# New guy from the southwest!



## 223voodoo (Sep 1, 2010)

Hey all! Been shooting a bow for a while, started on a old hand me down recurve and now have a Bear Grizzly 45#. I broke into the compound game last year when our Sportsman's Warehouse closed down. I now have a Bowtech Patriot II. I hunted last year with it, didn't kill, but am thoroughly addicted!

I've been poking around here and there is a lot of knowledgeable folks. I am fixing to begin a rebuild of my sights, rest, and arrow choices. 
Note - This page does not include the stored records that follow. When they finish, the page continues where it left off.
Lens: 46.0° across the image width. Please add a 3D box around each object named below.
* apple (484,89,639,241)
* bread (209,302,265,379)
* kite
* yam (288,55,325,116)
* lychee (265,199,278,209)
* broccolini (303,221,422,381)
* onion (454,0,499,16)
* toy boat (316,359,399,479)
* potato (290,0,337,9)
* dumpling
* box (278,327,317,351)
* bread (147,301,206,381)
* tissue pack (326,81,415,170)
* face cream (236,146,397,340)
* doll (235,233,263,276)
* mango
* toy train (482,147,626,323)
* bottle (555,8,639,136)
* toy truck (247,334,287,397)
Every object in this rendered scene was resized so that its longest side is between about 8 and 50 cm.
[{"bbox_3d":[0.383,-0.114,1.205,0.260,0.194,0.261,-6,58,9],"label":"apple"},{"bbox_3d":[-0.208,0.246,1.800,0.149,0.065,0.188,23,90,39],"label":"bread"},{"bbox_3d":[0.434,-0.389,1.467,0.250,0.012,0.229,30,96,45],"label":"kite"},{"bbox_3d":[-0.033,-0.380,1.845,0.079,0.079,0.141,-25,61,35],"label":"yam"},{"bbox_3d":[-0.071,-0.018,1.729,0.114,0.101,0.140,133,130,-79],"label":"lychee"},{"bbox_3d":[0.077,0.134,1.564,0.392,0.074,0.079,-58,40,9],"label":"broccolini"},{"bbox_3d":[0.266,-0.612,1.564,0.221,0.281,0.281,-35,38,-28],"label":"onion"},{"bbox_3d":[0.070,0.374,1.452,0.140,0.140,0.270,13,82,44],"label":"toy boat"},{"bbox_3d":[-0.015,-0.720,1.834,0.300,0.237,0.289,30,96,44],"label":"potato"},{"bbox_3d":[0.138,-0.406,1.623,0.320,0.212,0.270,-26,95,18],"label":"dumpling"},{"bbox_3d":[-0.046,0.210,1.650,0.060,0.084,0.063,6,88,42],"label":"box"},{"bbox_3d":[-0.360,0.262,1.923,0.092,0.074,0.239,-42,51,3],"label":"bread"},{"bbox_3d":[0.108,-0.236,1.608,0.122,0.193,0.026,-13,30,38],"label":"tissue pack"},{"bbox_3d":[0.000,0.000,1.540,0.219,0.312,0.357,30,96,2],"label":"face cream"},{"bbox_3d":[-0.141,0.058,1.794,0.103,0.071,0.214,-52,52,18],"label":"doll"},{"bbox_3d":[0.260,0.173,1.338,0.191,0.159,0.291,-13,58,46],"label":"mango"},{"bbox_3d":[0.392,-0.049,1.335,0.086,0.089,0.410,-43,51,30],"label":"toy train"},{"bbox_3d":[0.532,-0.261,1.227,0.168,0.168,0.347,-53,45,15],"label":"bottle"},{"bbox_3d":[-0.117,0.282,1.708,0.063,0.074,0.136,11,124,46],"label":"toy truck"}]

I am still really ignorant about tuning them and such, so I am looking forward everyone's input!


----------



## cptbrain (Dec 16, 2007)

Welcome!


----------



## BGI Hunter (Aug 20, 2010)

Welcome to AT


----------



## ivacic (Apr 6, 2010)

welcome to AT!


----------



## rcmjr (Jan 31, 2007)

Welcome!


----------



## Tim Roberts (Jul 13, 2002)

:wav: :yo: *G'day.*







to *Archery Talk* 223voodoo. Have fun here.


----------



## Dthbyhoyt (Dec 4, 2004)

:welcome: 2 ArcheryTalk


----------



## rycountryboy (Feb 21, 2008)

*:welcome: to AT*


----------



## buckchaser86 (Jun 10, 2009)

Welcome to AT!!


----------



## BowArmory (Jun 21, 2010)

*Welcome to AT !!!*


----------



## King (Dec 8, 2002)

:welcome: *to Archerytalk!!

Randy
Mod Staff*


----------



## wicked1Joe (May 19, 2009)

:wav:

Welcome to AT
:wav:


----------